I don't see how without running into scalability issues, doesn't that require basically an exponential explosion of context constructs? E.g. for 3 independent states, 27 context constructs already? Unless you expect me to write a compiler to output the syntax formatting and no longer be able to write it myself, I don't see how that's feasible. Therefore, the reasoning that it should be expressible seems somewhat theoretical and not really true in practice as soon as the grammar is more context-sensitive than usual. I would assume C++ to be less context sensitive because it has line terminators, while what I'm working on doesn't.
Is there some good place to ask how to best do the actual implementation of the XML? I'm slightly at a loss how to do it without turning into kind of a chaos. While with this feature, it would be fairly easy and clean.
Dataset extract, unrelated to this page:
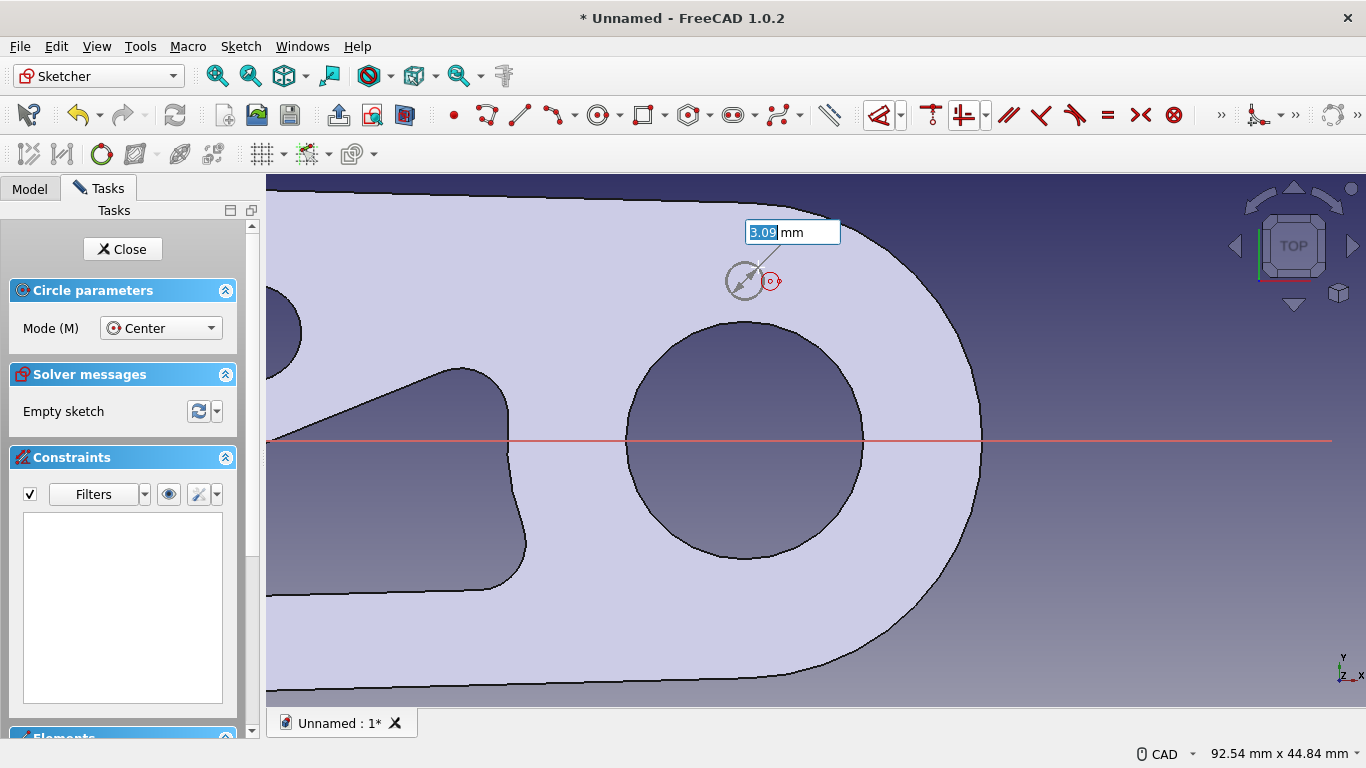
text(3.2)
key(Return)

I currently have these contexts or plan to add them, that would turn into a problem (I use these to mark variable names that are declared with dsVariable which seems very helpful to make the names easy to spot, and I might add more later): NamedItem, WithStatementBeforeIn, WithStatementAtLabel. If I want this feature to work I think I would need to manage it with these new contexts, something like this: CodeBlockAtNextBrace, CodeBlockDeferred. Both would need to be able to coincide with the first list, so this would give me: NamedItem, NamedItemCodeBlockAtNextBrace, NamedItemCodeBlockDeferred, WithStatementBeforeIn, WithStatementBeforeInCodeBlockAtNextBrace, WithStatementBeforeInCodeBlockDeferred, WithStatementAtLabel, WithStatementAtLabelCodeBlockAtNextBrace, WithStatementAtLabelCodeBlockDeferred. I hope this shows why I anticipate this turning into a bigger problem. It doesn't seem like a sustainable approach.
I'm still stuck on this, for what it's worth. Would be curious to hear if there's any good place to ask about such questions to figure this out!